Spider-Man: It's all assholes! The whole movie is assholes! And let me tell you what else I haven't learned ...
Fucking Anything
Spider-Man: It's not just that certain scenes don't make sense -- it's that the ones that do make sense are completely ignored.
In the first movie, I made a promise to Uncle Ben to pick up Aunt May from work, but I forgot, and because of that, Uncle Ben died. So the lesson I learned there is that it's important to keep my promises, right? Nope! Because later Captain Stacy dies and makes me promise (again!) to stay away from Gwen, and my final words in the movie are that the best kinds of promises aren't worth keeping. I've learned nothing, because I'm an asshole.
Brimming with anger, Spider-Man struggles against the ropes that hold him in the chair. The wood creaks, but I don't notice.
Spider-Man: Then, months later, I see a stranger on the street and decide to tell him that he's "my eyes and ears down here." I directly involve him in my vigilante justice, even though he's clearly a skinny dweeb doing an impression of Jim Carrey from Batman Forever. Then that backfires when he becomes obsessed with me, has a hissy fit, and becomes Electro.
"Electro," apparently.
Granted, I couldn't really have seen that coming -- but later I let Gwen Stacy come help me fight Electro, and then she dies, too. Seems like a pretty obvious lesson there: "Don't involve other people in my crime fighting, because they'll die." With great power comes great responsibility. I've learned that three times now -- has it sunk in?
Nope! The very last shot of the last movie is me encouraging a tiny child to dress up like me and fight crime. I actually tell this stupid little shit that he's the bravest kid I know. I draft a child into my spider army and pretty much guarantee that he's going to either die or become a supervillain and it's going to be my fault.
Suddenly I notice that the knots I've tied are coming undone, that my prisoner is stronger than I anticipated. I panic.
Cracked: This is getting out of control -- look, I need you to relax, OK? Remember where you are. Rick?
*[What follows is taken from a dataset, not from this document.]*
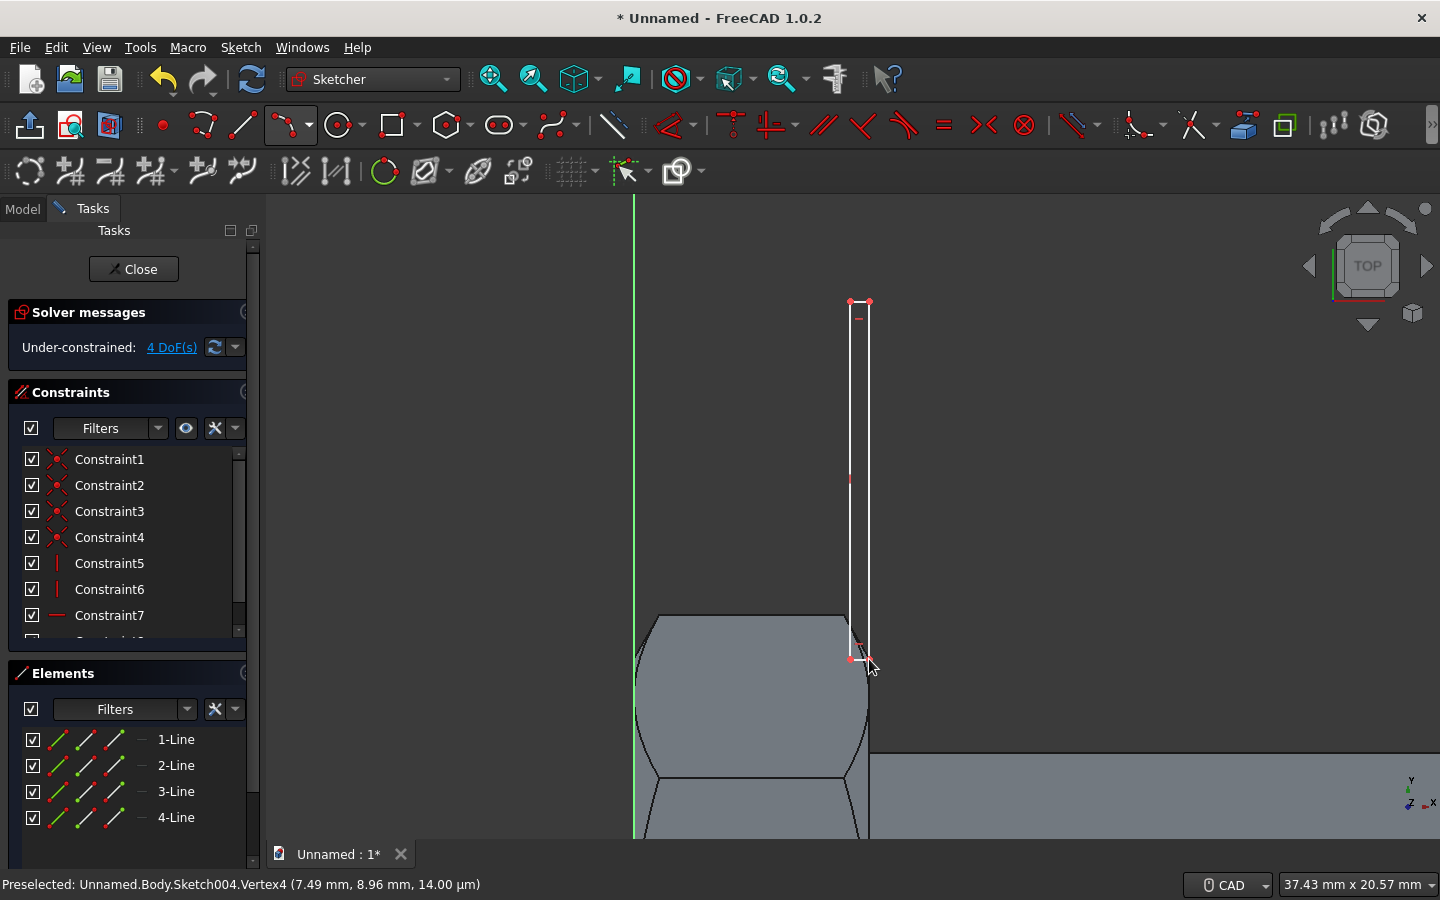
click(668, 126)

Rick, you're not Spider-Man.
Spider-Man: I am Spider-Man!
"Hraaah!"
Cracked: No, Rick -- none of this is real!
Spider-Man: It is real! I'm an asshole! And the world has to know!
Spider-Man explodes from the chair, scattering wood shrapnel around my apartment with such force that debris embeds itself into the drywall. In a flash (or however long it takes me to stop crying underneath my couch) he's gone. I don't know where he went next.